Seems as though it's relatively common for vizslas to be picky eaters... A lot of the ones we've met at the park typically get "toppers" or mix-ins with their food. We usually do a spoonful of rice, some pumpkin, and/or some sort of meat in broth like plain chicken breast. Other owners do the same plus sweet potatoes, Rotisserie chicken, yogurt, egg, etc. Our almost-5 month old will eat her Taste of the Wild Puppy plain but she has to be really hungry for it, and she throws up in the mornings if she has an empty stomach  so we don't chance it. I think at 11 weeks she was around 15 lbs and now she's 30lbs and growing fast. Good luck!


----------



## Canadian Expy (Feb 27, 2013)

franzonaling said:


> Our almost-5 month old will eat her Taste of the Wild Puppy plain but she has to be really hungry for it, and she throws up in the mornings if she has an empty stomach


Our boy is the same - high energy and high metabolism. We now split his feedings into 3, with his "second supper" given around 9 pm. This has stopped his early morning throw ups entirely, and he is now 2.5 years. 

Each pup is different and we must adjust as necessary. Additives can help entice, but be sure to stagger them so your pup doesn't come to expect them and hold out until they get them.


----------



## hotmischief (Mar 11, 2012)

My 10month old pup is exactly like yours. I normally feed raw but will feed anything I can get him to eat. He is on the go all day(so no energy issues) and is not thin so is obviously getting what he needs. i have found some vitamin tablets which he will eat like treats - so hope he gets all the vitamins he needs. Full fat Goats milk with manuka honey is also a good way of making sure they get calcium and fat - mine loved it. 

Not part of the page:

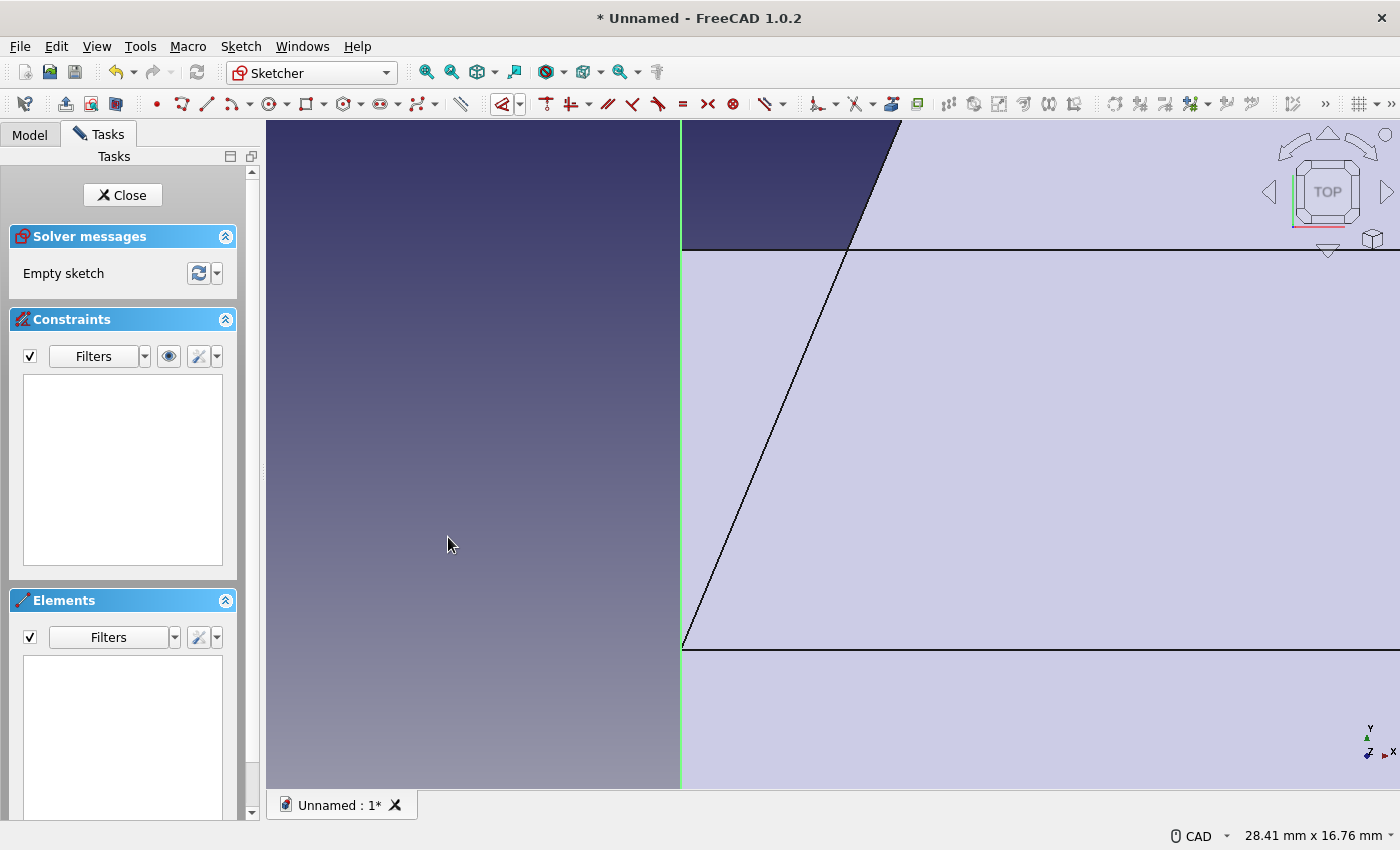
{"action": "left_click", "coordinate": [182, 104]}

I also tease the pup with the older dog like you - sometimes works some times he walks off. 

There are three things here 1) it is early days for your pup who is still settling in to his new home 2) a dog will never starve itself - so don't worry too much. 3) now for me to be honest - my puppy is controlling me! By wanting to be hand fed or have something different each day they are controlling you. Mine is definitely, in your case it may be that he hasn't settled in yet. I won't say I have solved the problem, but if he doesn't eat his food after a few minutes I take it away - that is that. Sometimes in the evening he is so hungry he will eat up, but if he doesn't I put kibble in his crate at night and it is usually gone by morning. If you do this don't forget to put water in for with your pup.


----------



## pjcodner (Jun 1, 2015)

We add about a tablespoon or more of canned PUMPKIN to the kibble. Sometimes I also add a splash of water to make the meal soupy. It slows her down and takes her longer to eat. She loves it!

We never had a picky eater, but I can only imagine how stressful it must be. Hope this helps!


----------